WORK REQUEST:
Only the pictures are to be dropped; the rest of the data below is to be duplicated exactly.

INFORMATION PROVIDED:
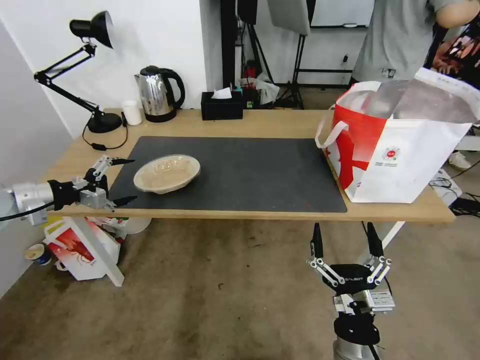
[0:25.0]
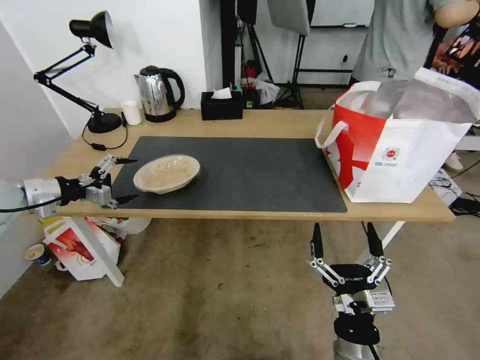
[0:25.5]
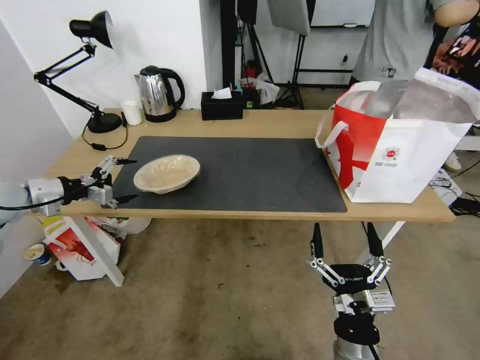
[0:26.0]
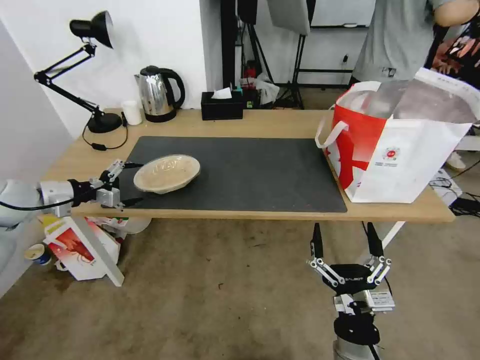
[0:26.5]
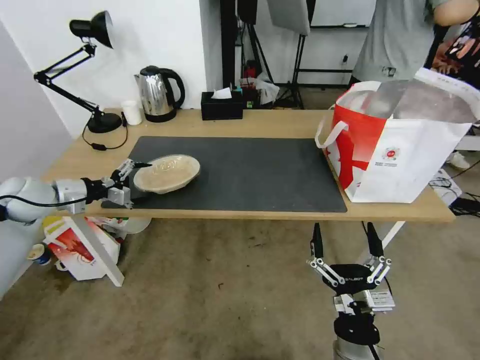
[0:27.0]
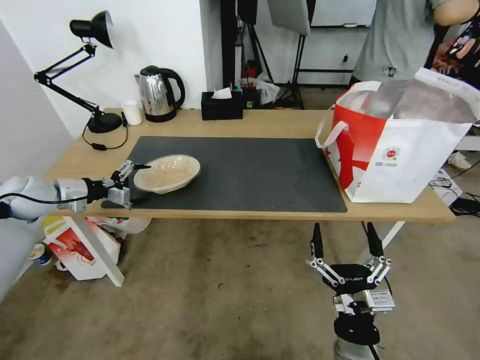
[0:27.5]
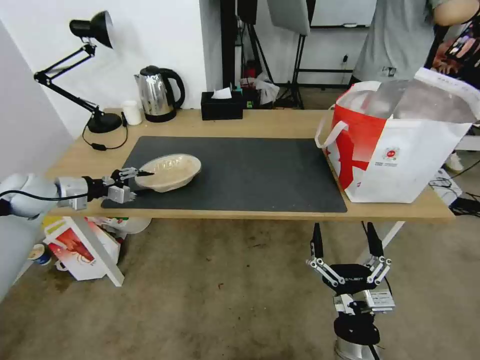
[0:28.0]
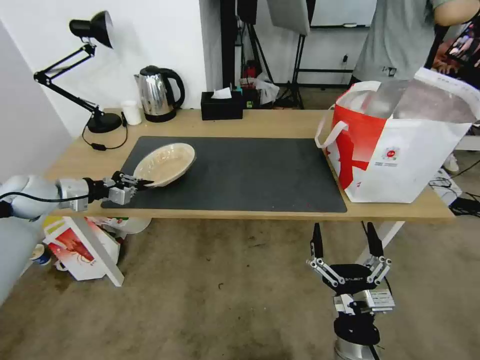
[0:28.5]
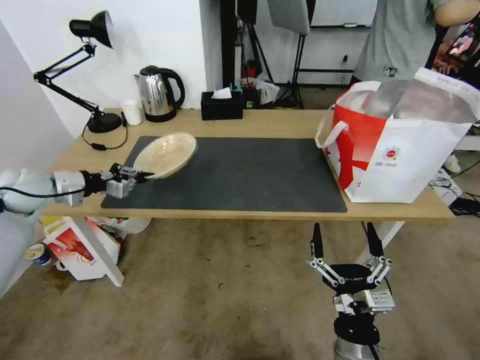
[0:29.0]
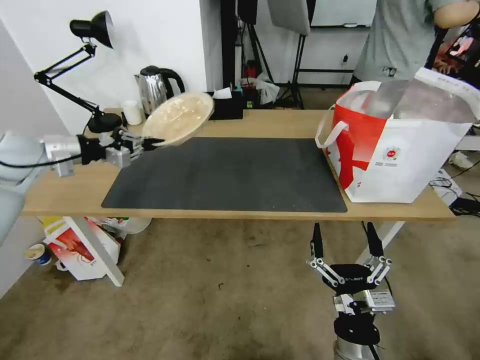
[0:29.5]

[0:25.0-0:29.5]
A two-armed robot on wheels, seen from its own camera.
Task of the whole recording: Pick up the trash from the table and place it into the takeout bag.
25.0 to 27.0 s: The left gripper goes roughly 5 cm forward.
27.0 to 29.5 s: The left gripper is displaced upward by approximately 10 cm, and closes up.

TASK ANSWER:
[0:25.0]
[0:25.5]
[0:26.0]
[0:26.5]
[0:27.0]
[0:27.5]
[0:28.0]
[0:28.5]
[0:29.0]
[0:29.5]

[0:25.0-0:29.5]
A two-armed robot on wheels, seen from its own camera.
Task of the whole recording: Pick up the trash from the table and place it into the takeout bag.
25.0 to 27.0 s: The left gripper goes roughly 5 cm forward.
27.0 to 29.5 s: The left gripper is displaced upward by approximately 10 cm, and closes up.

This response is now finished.